### Task item:
All lines in the records below that hold "start" are to be shown.

### Records excerpted from a collection:
........

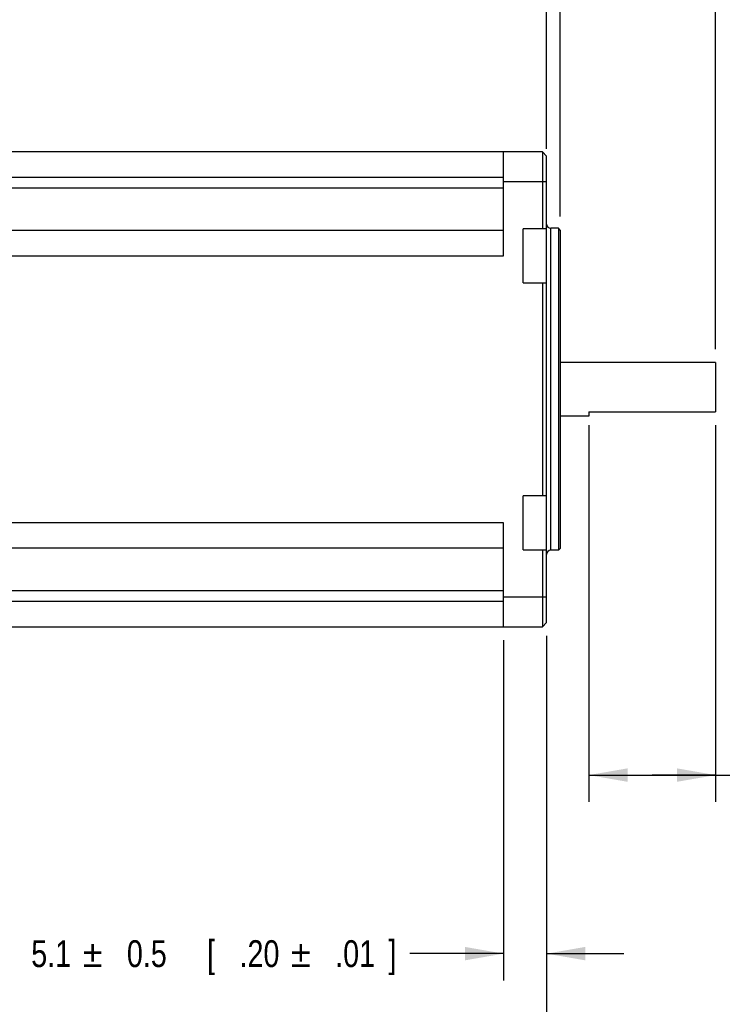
# Model space of a CAD drawing. Header units: inches. Extents: x 0 to 34, y 0 to 22.
# Tile 14 of 40: x 13 to 16.3, y 4 to 8.6. Entities that reach past the tile are written whole.
import ezdxf
from ezdxf.enums import TextEntityAlignment as Align

# ---------------------------------------------------------------- set-up
doc = ezdxf.new("R2010")
doc.units = ezdxf.units.IN
doc.header["$LTSCALE"] = 1.87
doc.header["$MEASUREMENT"] = 0
doc.layers.get('0').update_dxf_attribs({"linetype": 'CONTINUOUS'})
doc.layers.add('DIMENSIONS', color=7, linetype='CONTINUOUS')
doc.styles.get("Standard").update_dxf_attribs({"font": 'txt', "width": 0.8})
doc.styles.add('TEXTSTYLE_1', font='gdt', dxfattribs={"width": 0.8})
doc.dimstyles.new('DIMSTYLE_1', dxfattribs={"dimtxt": 0.125, "dimasz": 0.18, "dimexe": 0.18, "dimexo": 0.0625, "dimgap": 0.09, "dimtad": 0, "dimtih": 1, "dimtoh": 1, "dimdec": 1, "dimdsep": 46, "dimtxsty": 'STANDARD', "dimblk": '_FILLED', "dimblk1": '_FILLED', "dimblk2": '_FILLED', "dimcen": 0.09, "dimadec": 0, "dimazin": 0, "dimtp": 0.1, "dimtm": 0.1, "dimtfac": 1, "dimtdec": 1, "dimtofl": 0, "dimtmove": 0, "dimatfit": 3, "dimldrblk": '_FILLED', "dimfxl": 1, "dimtolj": 1, "dimarcsym": 0})
doc.dimstyles.new('DIMSTYLE_2', dxfattribs={"dimtxt": 0.125, "dimasz": 0.18, "dimexe": 0.18, "dimexo": 0.0625, "dimgap": 0.09, "dimtad": 0, "dimtih": 1, "dimtoh": 1, "dimdec": 1, "dimdsep": 46, "dimtxsty": 'STANDARD', "dimblk": '_FILLED', "dimblk1": '_FILLED', "dimblk2": '_FILLED', "dimcen": 0.09, "dimadec": 0, "dimazin": 0, "dimtol": 1, "dimtp": 0.5, "dimtm": 0.5, "dimtfac": 1, "dimtdec": 1, "dimtofl": 0, "dimtmove": 0, "dimatfit": 3, "dimldrblk": '_FILLED', "dimfxl": 1, "dimtolj": 1, "dimarcsym": 0})
doc.dimstyles.new('DIMSTYLE_3', dxfattribs={"dimtxt": 0.125, "dimasz": 0.18, "dimexe": 0.18, "dimexo": 0.0625, "dimgap": 0.09, "dimtad": 0, "dimtih": 1, "dimtoh": 1, "dimdec": 1, "dimdsep": 46, "dimtxsty": 'STANDARD', "dimblk": '_FILLED', "dimblk1": '_FILLED', "dimblk2": '_FILLED', "dimcen": 0.09, "dimadec": 0, "dimazin": 0, "dimtol": 1, "dimtp": 0.2, "dimtm": 0.2, "dimtfac": 1, "dimtdec": 1, "dimtofl": 0, "dimtmove": 0, "dimatfit": 3, "dimldrblk": '_FILLED', "dimfxl": 1, "dimtolj": 1, "dimarcsym": 0})

# ---------------------------------------------------------------- blocks, each defined once
blk = doc.blocks.new('_FILLED')
at = {"color": 0, "linetype": 'BYBLOCK'}
blk.add_solid([(0, 0), (-1, 0.174), (-1, -0.174)], dxfattribs=at)
blk = doc.blocks.new('*D4')
at = {"layer": 'DIMENSIONS', "color": 2, "linetype": 'CONTINUOUS'}
for p, q in [((15.6675, 6.6739), (15.6675, 4.9188)), ((16.2581, 6.6739), (16.2581, 4.9188)), ((15.6675, 5.0438), (15.9628, 5.0438)), ((16.2581, 5.0438), (15.9628, 5.0438)), ((15.9628, 5.0438), (16.4908, 5.0438))]:
    blk.add_line(p, q, dxfattribs=at)
at = {"layer": 'DIMENSIONS', "color": 2, "linetype": 'CONTINUOUS', "xscale": 0.18, "yscale": 0.18, "zscale": 0.18, "rotation": 180}
blk.add_blockref('_FILLED', (15.6675, 5.0438), dxfattribs=at)
at = {"layer": 'DIMENSIONS', "color": 2, "linetype": 'CONTINUOUS', "xscale": 0.18, "yscale": 0.18, "zscale": 0.18}
blk.add_blockref('_FILLED', (16.2581, 5.0438), dxfattribs=at)
at = {"layer": 'DIMENSIONS', "color": 2, "linetype": 'CONTINUOUS', "insert": (16.5533, 5.1063), "char_height": 0.125, "width": 1.325, "attachment_point": 1, "line_spacing_factor": 0.9}
blk.add_mtext('15{\\Ftxt.shx;\\W1.000000;\\H0.125000; }[.59] FLAT', dxfattribs=at)
blk = doc.blocks.new('*D5')
at = {"layer": 'DIMENSIONS', "color": 2, "linetype": 'CONTINUOUS'}
for p, q in [((15.4707, 5.6926), (15.4707, 4.0867)), ((15.2699, 5.6729), (15.2699, 4.0867)), ((15.2699, 4.2117), (14.8335, 4.2117)), ((15.4707, 4.2117), (15.8307, 4.2117))]:
    blk.add_line(p, q, dxfattribs=at)
at = {"layer": 'DIMENSIONS', "color": 2, "linetype": 'CONTINUOUS', "xscale": 0.18, "yscale": 0.18, "zscale": 0.18}
blk.add_blockref('_FILLED', (15.2699, 4.2117), dxfattribs=at)
at = {"layer": 'DIMENSIONS', "color": 2, "linetype": 'CONTINUOUS', "xscale": 0.18, "yscale": 0.18, "zscale": 0.18, "rotation": 180}
blk.add_blockref('_FILLED', (15.4707, 4.2117), dxfattribs=at)
at = {"layer": 'DIMENSIONS', "color": 2, "linetype": 'CONTINUOUS', "width": 0.8}
for s, p in [('5.1', (13.2544, 4.1492)), ('0.5', (13.7002, 4.1492)), ('[', (13.9252, 4.1492)), ('.20', (14.2252, 4.1492)), ('.01', (14.671, 4.1492)), (']', (14.771, 4.1492))]:
    blk.add_text(s, height=0.125, dxfattribs=at).set_placement(p, align=Align.RIGHT)
at = {"layer": 'DIMENSIONS', "color": 2, "linetype": 'CONTINUOUS', "style": 'TEXTSTYLE_1'}
for p in [(13.4002, 4.1492), (14.371, 4.1492)]:
    blk.add_text('`', height=0.125, dxfattribs=at).set_placement(p, align=Align.RIGHT)
blk = doc.blocks.new('*D6')
at = {"layer": 'DIMENSIONS', "color": 2, "linetype": 'CONTINUOUS'}
for p, q in [((11.2581, 5.7849), (11.2581, 3.3367)), ((15.4707, 5.6926), (15.4707, 3.3367)), ((11.2581, 3.4617), (12.6019, 3.4617)), ((15.4707, 3.4617), (14.1269, 3.4617))]:
    blk.add_line(p, q, dxfattribs=at)
at = {"layer": 'DIMENSIONS', "color": 2, "linetype": 'CONTINUOUS', "xscale": 0.18, "yscale": 0.18, "zscale": 0.18, "rotation": 180}
blk.add_blockref('_FILLED', (11.2581, 3.4617), dxfattribs=at)
at = {"layer": 'DIMENSIONS', "color": 2, "linetype": 'CONTINUOUS', "xscale": 0.18, "yscale": 0.18, "zscale": 0.18}
blk.add_blockref('_FILLED', (15.4707, 3.4617), dxfattribs=at)
at = {"layer": 'DIMENSIONS', "color": 2, "linetype": 'CONTINUOUS', "insert": (13.3644, 3.5242), "char_height": 0.125, "width": 1.4, "attachment_point": 2, "line_spacing_factor": 0.9}
blk.add_mtext('108 [4.25] MAX', dxfattribs=at)
blk = doc.blocks.new('*D7')
at = {"layer": 'DIMENSIONS', "color": 2, "linetype": 'CONTINUOUS'}
for p, q in [((15.4707, 7.9908), (15.4707, 10.362)), ((15.5337, 7.6463), (15.5337, 10.362)), ((15.4707, 10.237), (15.1534, 10.237)), ((15.5337, 10.237), (15.8937, 10.237))]:
    blk.add_line(p, q, dxfattribs=at)
at = {"layer": 'DIMENSIONS', "color": 2, "linetype": 'CONTINUOUS', "xscale": 0.18, "yscale": 0.18, "zscale": 0.18}
blk.add_blockref('_FILLED', (15.4707, 10.237), dxfattribs=at)
at = {"layer": 'DIMENSIONS', "color": 2, "linetype": 'CONTINUOUS', "xscale": 0.18, "yscale": 0.18, "zscale": 0.18, "rotation": 180}
blk.add_blockref('_FILLED', (15.5337, 10.237), dxfattribs=at)
at = {"layer": 'DIMENSIONS', "color": 2, "linetype": 'CONTINUOUS', "width": 0.8}
for s, p in [('1.6', (14.4451, 10.1745)), ('0.2', (14.8909, 10.1745)), ('[', (14.2451, 9.987)), ('.06', (14.5451, 9.987)), ('.00', (14.9909, 9.987)), (']', (15.0909, 9.987))]:
    blk.add_text(s, height=0.125, dxfattribs=at).set_placement(p, align=Align.RIGHT)
at = {"layer": 'DIMENSIONS', "color": 2, "linetype": 'CONTINUOUS', "style": 'TEXTSTYLE_1'}
for p in [(14.5909, 10.1745), (14.6909, 9.987)]:
    blk.add_text('`', height=0.125, dxfattribs=at).set_placement(p, align=Align.RIGHT)
blk = doc.blocks.new('*D8')
at = {"layer": 'DIMENSIONS', "color": 2, "linetype": 'CONTINUOUS'}
for p, q in [((12.8132, 8.9378), (12.8132, 11.112)), ((15.4707, 7.9629), (15.4707, 11.112)), ((12.8132, 10.987), (13.517, 10.987)), ((15.4707, 10.987), (14.767, 10.987))]:
    blk.add_line(p, q, dxfattribs=at)
at = {"layer": 'DIMENSIONS', "color": 2, "linetype": 'CONTINUOUS', "xscale": 0.18, "yscale": 0.18, "zscale": 0.18}
for p, rotation in [((12.8132, 10.987), 180), ((15.4707, 10.987), 360)]:
    blk.add_blockref('_FILLED', p, dxfattribs=dict(at, rotation=rotation))
at = {"layer": 'DIMENSIONS', "color": 2, "linetype": 'CONTINUOUS', "insert": (14.142, 11.0495), "char_height": 0.125, "width": 1.125, "attachment_point": 2, "line_spacing_factor": 0.9}
blk.add_mtext('67.5{\\Ftxt.shx;\\W1.000000;\\H0.125000; }[2.66]', dxfattribs=at)
blk = doc.blocks.new('*D9')
at = {"layer": 'DIMENSIONS', "color": 2, "linetype": 'CONTINUOUS'}
for p, q in [((15.4707, 7.9908), (15.4707, 11.112)), ((16.2581, 7.0292), (16.2581, 11.112)), ((15.4707, 10.987), (15.1107, 10.987)), ((16.2581, 10.987), (16.589, 10.987))]:
    blk.add_line(p, q, dxfattribs=at)
at = {"layer": 'DIMENSIONS', "color": 2, "linetype": 'CONTINUOUS', "xscale": 0.18, "yscale": 0.18, "zscale": 0.18}
blk.add_blockref('_FILLED', (15.4707, 10.987), dxfattribs=at)
at = {"layer": 'DIMENSIONS', "color": 2, "linetype": 'CONTINUOUS', "xscale": 0.18, "yscale": 0.18, "zscale": 0.18, "rotation": 180}
blk.add_blockref('_FILLED', (16.2581, 10.987), dxfattribs=at)
at = {"layer": 'DIMENSIONS', "color": 2, "linetype": 'CONTINUOUS', "style": 'TEXTSTYLE_1'}
for p in [(16.8515, 10.9245), (17.8223, 10.9245)]:
    blk.add_text('`', height=0.125, dxfattribs=at).set_placement(p)
at = {"layer": 'DIMENSIONS', "color": 2, "linetype": 'CONTINUOUS', "width": 0.8}
for s, p in [('[', (17.4223, 10.9245)), (']', (18.2682, 10.9245)), ('20', (16.6515, 10.9245)), ('0.2', (16.9973, 10.9245)), ('.79', (17.5223, 10.9245)), ('.00', (17.9682, 10.9245))]:
    blk.add_text(s, height=0.125, dxfattribs=at).set_placement(p)

msp = doc.modelspace()

# ---------------------------------------------------------------- linework, layer by layer
at = {"color": 7, "linetype": 'CONTINUOUS'}
for p, q in [((15.451, 7.948), (12.951, 7.948)), ((15.2699, 7.4637), (15.2699, 7.948)), ((15.4707, 7.9283), (15.451, 7.948)), ((15.451, 7.948), (15.451, 7.5897)), ((15.4707, 5.7551), (15.4707, 7.9283)), ((12.7962, 7.8299), (15.2699, 7.8299)), ((15.2699, 7.8102), (15.4707, 7.8102)), ((15.2699, 7.7787), (11.7612, 7.7788)), ((15.2699, 7.5818), (12.951, 7.5818)), ((15.4707, 7.5897), (15.3605, 7.5897)), ((15.3605, 7.3378), (15.3605, 7.5897)), ((15.5258, 7.5917), (15.4904, 7.5917)), ((15.4904, 6.0917), (15.4904, 7.5917)), ((15.5337, 7.5838), (15.5258, 7.5917)), ((15.5258, 7.5917), (15.5258, 6.0917)), ((15.5337, 7.5838), (15.5337, 6.0996)), ((11.3348, 7.4637), (15.2699, 7.4637)), ((15.3605, 7.3378), (15.4707, 7.3378)), ((15.451, 7.3378), (15.451, 6.3456)), ((16.2581, 6.9667), (15.5337, 6.9667)), ((16.2581, 6.9667), (16.2581, 6.7364)), ((15.6675, 6.7167), (15.5337, 6.7167)), ((15.6675, 6.7364), (16.2581, 6.7364)), ((15.6675, 6.7364), (15.6675, 6.7167)), ((15.4707, 6.3456), (15.3605, 6.3456)), ((15.3605, 6.0937), (15.3605, 6.3456)), ((15.2699, 6.2196), (11.7305, 6.2196)), ((15.2699, 5.7354), (15.2699, 6.2196)), ((15.2699, 6.1015), (12.951, 6.1015)), ((15.3605, 6.0937), (15.4707, 6.0937)), ((15.451, 6.0937), (15.451, 5.7354)), ((15.5258, 6.0917), (15.4904, 6.0917)), ((15.5337, 6.0996), (15.5258, 6.0917)), ((11.7305, 5.9047), (15.2699, 5.9047)), ((11.7305, 5.8535), (15.2699, 5.8535)), ((15.4707, 5.8732), (15.2699, 5.8732)), ((15.4707, 5.7551), (15.451, 5.7354)), ((12.951, 5.7354), (15.451, 5.7354))]:
    msp.add_line(p, q, dxfattribs=at)
for centre, start, end in [((15.4904, 7.6114), 180, 270), ((15.4904, 6.072), 90, 180)]:
    msp.add_arc(centre, 0.0197, start, end, dxfattribs=at)

# ---------------------------------------------------------------- dimensions: what is measured, and where the dimension line sits
at = {"layer": 'DIMENSIONS', "color": 2, "linetype": 'CONTINUOUS'}
dim = msp.add_linear_dim(base=(15.4707, 10.987), p1=(12.8132, 8.9378), p2=(15.4707, 7.9629), dimstyle='DIMSTYLE_1', dxfattribs=at)
dim.commit()
dim.dimension.update_dxf_attribs({"geometry": '*D8', "text_midpoint": (14.017, 10.987), "dimtype": 160})
for base, p1, p2, dimstyle, picture, middle in [((15.4707, 10.987), (16.2581, 7.0292), (15.4707, 7.9908), 'DIMSTYLE_3', '*D9', (17.5098, 10.987)), ((15.4707, 10.237), (15.5337, 7.6463), (15.4707, 7.9908), 'DIMSTYLE_3', '*D7', (14.418, 10.1432)), ((15.2699, 4.2117), (15.4707, 5.6926), (15.2699, 5.6729), 'DIMSTYLE_2', '*D5', (13.6627, 4.2117))]:
    dim = msp.add_linear_dim(base=base, p1=p1, p2=p2, angle=180, dimstyle=dimstyle, dxfattribs=at)
    dim.commit()
    dim.dimension.update_dxf_attribs({"geometry": picture, "text_midpoint": middle, "dimtype": 160})
dim = msp.add_linear_dim(base=(16.2581, 5.0438), p1=(15.6675, 6.6739), p2=(16.2581, 6.6739), text='<> FLAT', dimstyle='DIMSTYLE_1', dxfattribs=at)
dim.commit()
dim.dimension.update_dxf_attribs({"geometry": '*D4', "text_midpoint": (17.2158, 5.0438), "dimtype": 160})
dim = msp.add_linear_dim(base=(11.2581, 3.4617), p1=(15.4707, 5.6926), p2=(11.2581, 5.7849), angle=180, text='108 [4.25] MAX', dimstyle='DIMSTYLE_1', dxfattribs=at)
dim.commit()
dim.dimension.update_dxf_attribs({"geometry": '*D6', "text_midpoint": (12.6644, 3.4617), "dimtype": 160})

doc.saveas('drawing.dxf')

........

### Written solution:
for centre, start, end in [((15.4904, 7.6114), 180, 270), ((15.4904, 6.072), 90, 180)]:
    msp.add_arc(centre, 0.0197, start, end, dxfattribs=at)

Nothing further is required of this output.